## BRIEF
Only the lines from the first line of the data through the line containing "Channel 1 Enable</text>" belong in the answer, transcribed exactly; pictures do not.

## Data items
+++++

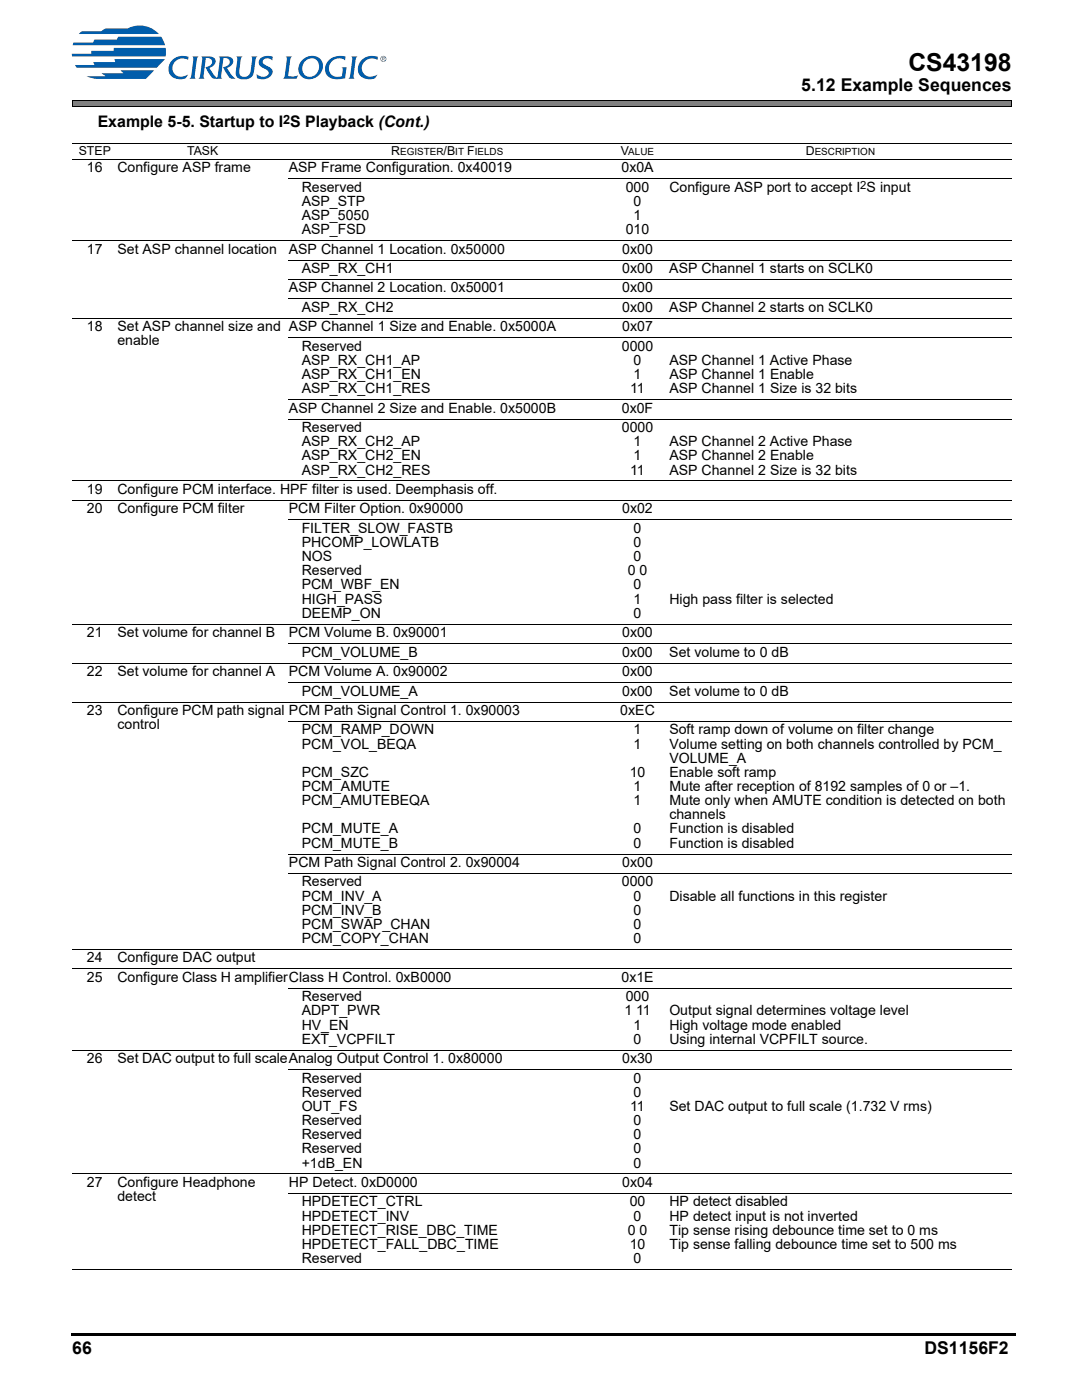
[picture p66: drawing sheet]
<svg xmlns="http://www.w3.org/2000/svg" width="216mm" height="279mm" viewBox="0 0 216 279" stroke-linecap="round" stroke-linejoin="round" font-family="sans-serif">
<defs><g id="words">
<text font-size="4.9" x="181.3" y="14.2">CS43198</text>
<g font-size="3.5">
<text x="159.9" y="18.2">5.12 Example Sequences</text>
<text x="14.4" y="270.2">66</text>
<text x="184.4" y="270.2">DS1156F2</text>
</g>
<text font-size="3.2" x="19.5" y="25.4">Example 5-5. Startup to I S Playback (Cont.)</text>
<g font-size="2.8">
<text x="17.4" y="34.4">16</text>
<text x="23.4" y="34.4">Configure ASP frame</text>
<text x="57.6" y="34.4">ASP Frame Configuration. 0x40019</text>
<text x="124" y="34.4">0x0A</text>
<text x="60.2" y="38.2">Reserved</text>
<text x="60.2" y="41.1">ASP_STP</text>
<text x="124.9" y="38.2">000</text>
<text x="126.4" y="41.1">0</text>
<text x="133.6" y="38.2">Configure ASP port to accept I S input</text>
<text x="60.2" y="43.9">ASP_5050</text>
<text x="60.2" y="46.7">ASP_FSD</text>
<text x="124.9" y="46.7">010</text>
<text x="126.4" y="43.9">1</text>
<text x="17.4" y="50.6">17</text>
<text x="23.4" y="50.6">Set ASP channel location</text>
<text x="57.6" y="50.6">ASP Channel 1 Location. 0x50000</text>
<text x="124.2" y="50.6">0x00</text>
<text x="57.7" y="58.4">ASP Channel 2 Location. 0x50001</text>
<text x="60.2" y="54.5">ASP_RX_CH1</text>
<text x="124.2" y="58.4">0x00</text>
<text x="124.2" y="54.5">0x00</text>
<text x="133.6" y="54.5">ASP Channel 1 starts on SCLK0</text>
<text x="60.2" y="62.3">ASP_RX_CH2</text>
<text x="124.2" y="62.3">0x00</text>
<text x="133.6" y="62.3">ASP Channel 2 starts on SCLK0</text>
<text x="17.4" y="66.1">18</text>
<text x="23.4" y="68.9">enable</text>
<text x="23.4" y="66.1">Set ASP channel size and ASP Channel 1 Size and Enable. 0x5000A</text>
<text x="60.2" y="70">Reserved</text>
<text x="124.1" y="70">0000</text>
<text x="124.2" y="66.1">0x07</text>
<text x="60.2" y="72.8">ASP_RX_CH1_AP</text>
<text x="60.2" y="75.6">ASP_RX_CH1_EN</text>
<text x="126.4" y="72.8">0</text>
<text x="126.4" y="75.6">1</text>
<text x="133.6" y="72.8">ASP Channel 1 Active Phase</text>
<text x="133.6" y="75.6">ASP Channel 1 Enable</text>
<text x="57.7" y="82.4">ASP Channel 2 Size and Enable. 0x5000B</text>
<text x="60.2" y="78.5">ASP_RX_CH1_RES</text>
<text x="124.1" y="82.4">0x0F</text>
<text x="125.8" y="78.5">11</text>
<text x="133.6" y="78.5">ASP Channel 1 Size is 32 bits</text>
<text x="60.2" y="86.2">Reserved</text>
<text x="60.2" y="89.1">ASP_RX_CH2_AP</text>
<text x="124.1" y="86.2">0000</text>
<text x="126.4" y="89.1">1</text>
<text x="133.6" y="89.1">ASP Channel 2 Active Phase</text>
<text x="60.2" y="91.9">ASP_RX_CH2_EN</text>
<text x="60.2" y="94.7">ASP_RX_CH2_RES</text>
<text x="125.8" y="94.7">11</text>
<text x="126.4" y="91.9">1</text>
<text x="133.6" y="91.9">ASP Channel 2 Enable</text>
<text x="133.6" y="94.7">ASP Channel 2 Size is 32 bits</text>
<text x="17.4" y="98.6">19</text>
<text x="23.4" y="98.6">Configure PCM interface. HPF filter is used. Deemphasis off.</text>
<text x="17.4" y="102.5">20</text>
<text x="23.4" y="102.5">Configure PCM filter</text>
<text x="57.6" y="102.5">PCM Filter Option. 0x90000</text>
<text x="60.2" y="106.3">FILTER_SLOW_FASTB</text>
<text x="124.2" y="102.5">0x02</text>
<text x="126.4" y="106.3">0</text>
<text x="60.2" y="109.2">PHCOMP_LOWLATB</text>
<text x="60.2" y="112">NOS</text>
<text x="126.4" y="109.2">0</text>
<text x="126.4" y="112">0</text>
<text x="60.2" y="114.8">Reserved</text>
<text x="60.2" y="117.6">PCM_WBF_EN</text>
<text x="125.3" y="114.8">0 0</text>
<text x="126.4" y="117.6">0</text>
<text x="60.2" y="120.5">HIGH_PASS</text>
<text x="60.2" y="123.3">DEEMP_ON</text>
<text x="126.4" y="120.5">1</text>
<text x="126.4" y="123.3">0</text>
<text x="133.6" y="120.5">High pass filter is selected</text>
<text x="17.4" y="127.2">21</text>
<text x="23.4" y="127.2">Set volume for channel B</text>
<text x="57.6" y="127.2">PCM Volume B. 0x90001</text>
<text x="60.2" y="131">PCM_VOLUME_B</text>
<text x="124.2" y="127.2">0x00</text>
<text x="124.2" y="131">0x00</text>
<text x="133.5" y="131">Set volume to 0 dB</text>
<text x="17.4" y="134.9">22</text>
<text x="23.4" y="134.9">Set volume for channel A</text>
<text x="57.6" y="134.9">PCM Volume A. 0x90002</text>
<text x="124.2" y="134.9">0x00</text>
<text x="17.4" y="142.7">23</text>
<text x="23.4" y="142.7">Configure PCM path signal PCM Path Signal Control 1. 0x90003</text>
<text x="60.2" y="138.8">PCM_VOLUME_A</text>
<text x="123.8" y="142.7">0xEC</text>
<text x="124.2" y="138.8">0x00</text>
<text x="133.5" y="138.8">Set volume to 0 dB</text>
<text x="23.4" y="145.5">control</text>
<text x="60.2" y="146.6">PCM_RAMP_DOWN</text>
<text x="60.2" y="149.4">PCM_VOL_BEQA</text>
<text x="126.4" y="146.6">1</text>
<text x="126.4" y="149.4">1</text>
<text x="133.6" y="146.6">Soft ramp down of volume on filter change</text>
<text x="133.6" y="149.4">Volume setting on both channels controlled by PCM_</text>
<text x="60.2" y="155">PCM_SZC</text>
<text x="125.6" y="155">10</text>
<text x="133.6" y="152.2">VOLUME_A</text>
<text x="133.6" y="155">Enable soft ramp</text>
<text x="60.2" y="157.9">PCM_AMUTE</text>
<text x="60.2" y="160.7">PCM_AMUTEBEQA</text>
<text x="126.4" y="157.9">1</text>
<text x="126.4" y="160.7">1</text>
<text x="133.6" y="157.9">Mute after reception of 8192 samples of 0 or –1.</text>
<text x="133.6" y="160.7">Mute only when AMUTE condition is detected on both</text>
<text x="60.2" y="166.3">PCM_MUTE_A</text>
<text x="126.4" y="166.3">0</text>
<text x="133.6" y="163.5">channels</text>
<text x="133.6" y="166.3">Function is disabled</text>
<text x="57.7" y="173">PCM Path Signal Control 2. 0x90004</text>
<text x="60.2" y="169.1">PCM_MUTE_B</text>
<text x="124.2" y="173">0x00</text>
<text x="126.4" y="169.1">0</text>
<text x="133.6" y="169.1">Function is disabled</text>
<text x="60.2" y="176.9">Reserved</text>
<text x="60.2" y="179.7">PCM_INV_A</text>
<text x="124.1" y="176.9">0000</text>
<text x="126.4" y="179.7">0</text>
<text x="133.6" y="179.7">Disable all functions in this register</text>
<text x="60.2" y="182.5">PCM_INV_B</text>
<text x="60.2" y="185.4">PCM_SWAP_CHAN</text>
<text x="126.4" y="182.5">0</text>
<text x="126.4" y="185.4">0</text>
<text x="60.2" y="188.2">PCM_COPY_CHAN</text>
<text x="126.4" y="188.2">0</text>
<text x="17.4" y="192.1">24</text>
<text x="17.4" y="196">25</text>
<text x="23.4" y="192.1">Configure DAC output</text>
<text x="23.4" y="196">Configure Class H amplifierClass H Control. 0xB0000</text>
<text x="124" y="196">0x1E</text>
<text x="60.2" y="199.8">Reserved</text>
<text x="60.2" y="202.6">ADPT_PWR</text>
<text x="124.6" y="202.6">1 11</text>
<text x="124.9" y="199.8">000</text>
<text x="133.6" y="202.6">Output signal determines voltage level</text>
<text x="60.2" y="205.5">HV_EN</text>
<text x="60.2" y="208.3">EXT_VCPFILT</text>
<text x="126.4" y="205.5">1</text>
<text x="126.4" y="208.3">0</text>
<text x="133.6" y="205.5">High voltage mode enabled</text>
<text x="133.6" y="208.3">Using internal VCPFILT source.</text>
<text x="17.4" y="212.2">26</text>
<text x="23.4" y="212.2">Set DAC output to full scaleAnalog Output Control 1. 0x80000</text>
<text x="124.1" y="212.2">0x30</text>
<text x="60.2" y="216.1">Reserved</text>
<text x="60.2" y="218.9">Reserved</text>
<text x="60.2" y="221.7">OUT_FS</text>
<text x="125.8" y="221.7">11</text>
<text x="126.4" y="216.1">0</text>
<text x="126.4" y="218.9">0</text>
<text x="133.6" y="221.7">Set DAC output to full scale (1.732 V rms)</text>
<text x="60.2" y="224.5">Reserved</text>
<text x="60.2" y="227.3">Reserved</text>
<text x="126.4" y="224.5">0</text>
<text x="126.4" y="227.4">0</text>
<text x="60.2" y="230.2">Reserved</text>
<text x="60.2" y="233">+1dB_EN</text>
<text x="126.4" y="230.2">0</text>
<text x="126.4" y="233">0</text>
<text x="17.4" y="236.9">27</text>
<text x="23.4" y="236.9">Configure Headphone</text>
<text x="23.4" y="239.7">detect</text>
<text x="57.7" y="236.9">HP Detect. 0xD0000</text>
<text x="124.2" y="236.9">0x04</text>
<text x="60.2" y="240.7">HPDETECT_CTRL</text>
<text x="60.2" y="243.6">HPDETECT_INV</text>
<text x="125.6" y="240.7">00</text>
<text x="126.4" y="243.6">0</text>
<text x="133.6" y="240.7">HP detect disabled</text>
<text x="133.6" y="243.6">HP detect input is not inverted</text>
<text x="60.2" y="246.4">HPDETECT_RISE_DBC_TIME</text>
<text x="60.2" y="249.2">HPDETECT_FALL_DBC_TIME</text>
<text x="125.3" y="246.4">0 0</text>
<text x="125.6" y="249.2">10</text>
<text x="133.6" y="246.4">Tip sense rising debounce time set to 0 ms</text>
<text x="133.6" y="249.2">Tip sense falling debounce time set to 500 ms</text>
<text x="60.2" y="252.1">Reserved</text>
<text x="126.4" y="252.1">0</text>
</g>
<g font-size="2.5">
<text x="56.5" y="24.8">2</text>
<text x="15.7" y="31">STEP</text>
<text x="37.3" y="31">TASK</text>
<text x="78.1" y="31">R</text>
<text x="88.5" y="31">/B</text>
<text x="93.2" y="31">F</text>
<text x="123.9" y="31">V</text>
<text x="160.8" y="31">D</text>
</g>
<text font-size="2.2" x="171.7" y="37.7">2</text>
<g font-size="2">
<text x="79.8" y="31">EGISTER</text>
<text x="90.8" y="31">IT</text>
<text x="94.7" y="31">IELDS</text>
<text x="125.4" y="31">ALUE</text>
<text x="162.6" y="31">ESCRIPTION</text>
</g>
</g></defs>
<path d="M14.2 266.1h.2v.5h-.2zM14.4 266.1h188.3v.5h-188.3z" fill="#000"/>
<path d="M14.4 267.8h187.7v3.4h-187.7z" fill="#fff"/>
<path d="M14.4 20.1h187.4v1.1h-187.4z" fill="#808080"/>
<path d="M14.3 21.2h187.5M14.4 20.1h187.5" fill="none" stroke="#000" stroke-width=".2"/>
<path d="M14.3 20h.2v1.2h-.2zM201.8 20.1h.1v1.2h-.1z" fill="#000"/>
<g fill="#015dab">
<path d="M72.2 12a3.3 3.3 0 0 1 3.2-.7l-.1 .7a1.95 1.95 0 0 0-2.6 .4 1.95 1.95 0 0 0 .2 2.6 2.38 2.38 0 0 0 2.4-.1l-.5 .7a2.69 2.69 0 0 1-3.3-1 2.5 2.5 0 0 1 .7-2.6z"/>
<path d="M34.4 12a3.3 3.3 0 0 1 3.2-.7l-.1 .7a1.95 1.95 0 0 0-2.6 .4 1.95 1.95 0 0 0 .2 2.6 2.37 2.37 0 0 0 2.4-.1l-.4 .7a2.69 2.69 0 0 1-3.3-1 2.5 2.5 0 0 1 .6-2.6z"/>
<path d="M38.4 11.3h1.2l-.3 .7-.4 3v.5l.2 .2h-1.3l.4-.7 .4-3-.1-.6z"/>
<path d="M40.1 11.3a2.82 2.82 0 0 1 2.8 .4 1.28 1.28 0 0 1-1.2 1.8l1 1.5 .8 .7a1.23 1.23 0 0 1-1.3-.3l-1.2-2 .3-.1a.9 .9 0 0 0 .9-.6 .9 .9 0 0 0-.4-1l-.7-.1-.5 3.4 .1 .5 .1 .2h-1.2l.3-.4 .4-3.3v-.6z"/>
<path d="M43.7 11.3a2.82 2.82 0 0 1 2.7 .4 1.28 1.28 0 0 1-1.1 1.8l1 1.5 .7 .7a1.23 1.23 0 0 1-1.3-.3l-1.2-2 .3-.1a.9 .9 0 0 0 1-.6 .9 .9 0 0 0-.5-1l-.7-.1-.5 3.4 .1 .5 .1 .2h-1.2l.3-.4 .5-3.3-.1-.6z"/>
<path d="M47.1 11.3h1.3l-.3 .4-.3 2.3a1.09 1.09 0 0 0 .6 1.3 1.09 1.09 0 0 0 1.3-.4l.3-.9 .3-2v-.6l-.2-.1h1.3l-.4 .4-.3 2.3a1.98 1.98 0 0 1-2.6 1.8 1.26 1.26 0 0 1-1-1.8l.3-2.3z"/>
<path d="M52.1 11.5a2.8 2.8 0 0 1 2.3-.2l-.1 .8a1.16 1.16 0 0 0-1.9 .2 1.61 1.61 0 0 0 1.2 1 1.19 1.19 0 0 1 .8 1.3 1.19 1.19 0 0 1-1 1l-1 .2-1.1-.2-.1-.8a1.46 1.46 0 0 0 2.4-.2 1.52 1.52 0 0 0-1.2-1.1 1.11 1.11 0 0 1-.8-.9 1.11 1.11 0 0 1 .5-1.1z"/>
<path d="M57 11.3h1.3l-.2 .1-.2 .6-.4 3.2a2.78 2.78 0 0 0 2-.2l-.3 .7h-2.8l.4-.7 .4-3v-.6z"/>
<path d="M65.6 12a3.8 3.8 0 0 1 3.4-.7l-.1 .7a1.96 1.96 0 0 0-2.8 .4 1.96 1.96 0 0 0 .3 2.7l.9 .2 .9-.1 .2-1a.62 .62 0 0 0-.2-.8h1l-.3 2.2a3.9 3.9 0 0 1-3.7-.6 2.4 2.4 0 0 1 .4-3z"/>
<path d="M70.1 11.3h1.2l-.3 .7-.4 3v.5l.2 .2h-1.3l.4-.7 .4-3-.1-.6z"/>
<path d="M14.3 10.7h3.9v-.6h4.5v-.5h10.3l.1 .8-.1 .9h-18.6z"/>
<path d="M15 13h3.9l-.3-.6h4.4l-.2-.6h10.1l-1.6 1.7h-16z"/>
<path d="M17.3 15.2h3.9l-1-.6h4.5l-.7-.6h6.8l-1.7 1.7h-9.6h-.9z"/>
<path d="M15.9 6.6l.4-.3h3.9l.9-.6h4.4a5.2 5.2 0 0 1 6.2 1.1h-16z"/>
<path d="M14.7 8.5h3.9l.2-.6h4.5l.3-.6h8.5l.8 1.7h-18.4z"/>
<path d="M60.3 12a2.19 2.19 0 0 0-.4 2.9 2.19 2.19 0 0 0 2.9 .7 2.32 2.32 0 0 0 1.6-2.1 2.32 2.32 0 0 0-1.4-2.3 2.8 2.8 0 0 0-2.7 .8zM60.9 12.1a1.62 1.62 0 0 1 2.2-.2 1.62 1.62 0 0 1 .4 2.2 1.67 1.67 0 0 1-2.2 1.2 1.67 1.67 0 0 1-.9-2.4z"/>
<path d="M76.4 11.5h.2v.2h-.2zM76.3 11.4v.7l.1-.3 .4 .3-.2-.3 .2-.2-.1-.1zM75.9 11.8a.6 .6 0 0 0 1.2 0 .6 .6 0 0 0-1.2 0zM76 11.8a.5 .5 0 0 1 1 0 .5 .5 0 0 1-1 0z"/>
</g>
<g fill="none" stroke="#000" stroke-width=".2">
<path d="M14.4 28.6h187.4M14.4 31.8h187.4M57.5 35.7h144.3M14.4 48h187.4M57.5 51.9h144.3M57.5 55.8h144.3M57.5 59.7h144.3M14.4 63.5h187.4M57.5 67.4h144.3M57.5 79.8h144.3M14.4 96h187.4M14.4 99.9h187.4"/>
<path d="M57.5 83.7h144.3M57.5 103.8h144.3M14.4 124.6h187.4M14.4 132.3h187.4M57.5 128.5h144.3M57.5 136.2h144.3M14.4 140.1h187.4M57.5 144h144.3M57.5 170.4h144.3M57.5 174.3h144.3M14.4 189.5h187.4M14.4 193.4h187.4"/>
<path d="M57.5 197.3h144.3M14.4 209.6h187.4M57.5 213.5h144.3M14.4 234.3h187.4M57.5 238.2h144.3M14.4 253.3h187.4"/>
</g>
<use href="#words"/>
</svg>

+++++

## RESULT
[picture p66: drawing sheet]
<svg xmlns="http://www.w3.org/2000/svg" width="216mm" height="279mm" viewBox="0 0 216 279" stroke-linecap="round" stroke-linejoin="round" font-family="sans-serif">
<defs><g id="words">
<text font-size="4.9" x="181.3" y="14.2">CS43198</text>
<g font-size="3.5">
<text x="159.9" y="18.2">5.12 Example Sequences</text>
<text x="14.4" y="270.2">66</text>
<text x="184.4" y="270.2">DS1156F2</text>
</g>
<text font-size="3.2" x="19.5" y="25.4">Example 5-5. Startup to I S Playback (Cont.)</text>
<g font-size="2.8">
<text x="17.4" y="34.4">16</text>
<text x="23.4" y="34.4">Configure ASP frame</text>
<text x="57.6" y="34.4">ASP Frame Configuration. 0x40019</text>
<text x="124" y="34.4">0x0A</text>
<text x="60.2" y="38.2">Reserved</text>
<text x="60.2" y="41.1">ASP_STP</text>
<text x="124.9" y="38.2">000</text>
<text x="126.4" y="41.1">0</text>
<text x="133.6" y="38.2">Configure ASP port to accept I S input</text>
<text x="60.2" y="43.9">ASP_5050</text>
<text x="60.2" y="46.7">ASP_FSD</text>
<text x="124.9" y="46.7">010</text>
<text x="126.4" y="43.9">1</text>
<text x="17.4" y="50.6">17</text>
<text x="23.4" y="50.6">Set ASP channel location</text>
<text x="57.6" y="50.6">ASP Channel 1 Location. 0x50000</text>
<text x="124.2" y="50.6">0x00</text>
<text x="57.7" y="58.4">ASP Channel 2 Location. 0x50001</text>
<text x="60.2" y="54.5">ASP_RX_CH1</text>
<text x="124.2" y="58.4">0x00</text>
<text x="124.2" y="54.5">0x00</text>
<text x="133.6" y="54.5">ASP Channel 1 starts on SCLK0</text>
<text x="60.2" y="62.3">ASP_RX_CH2</text>
<text x="124.2" y="62.3">0x00</text>
<text x="133.6" y="62.3">ASP Channel 2 starts on SCLK0</text>
<text x="17.4" y="66.1">18</text>
<text x="23.4" y="68.9">enable</text>
<text x="23.4" y="66.1">Set ASP channel size and ASP Channel 1 Size and Enable. 0x5000A</text>
<text x="60.2" y="70">Reserved</text>
<text x="124.1" y="70">0000</text>
<text x="124.2" y="66.1">0x07</text>
<text x="60.2" y="72.8">ASP_RX_CH1_AP</text>
<text x="60.2" y="75.6">ASP_RX_CH1_EN</text>
<text x="126.4" y="72.8">0</text>
<text x="126.4" y="75.6">1</text>
<text x="133.6" y="72.8">ASP Channel 1 Active Phase</text>
<text x="133.6" y="75.6">ASP Channel 1 Enable</text>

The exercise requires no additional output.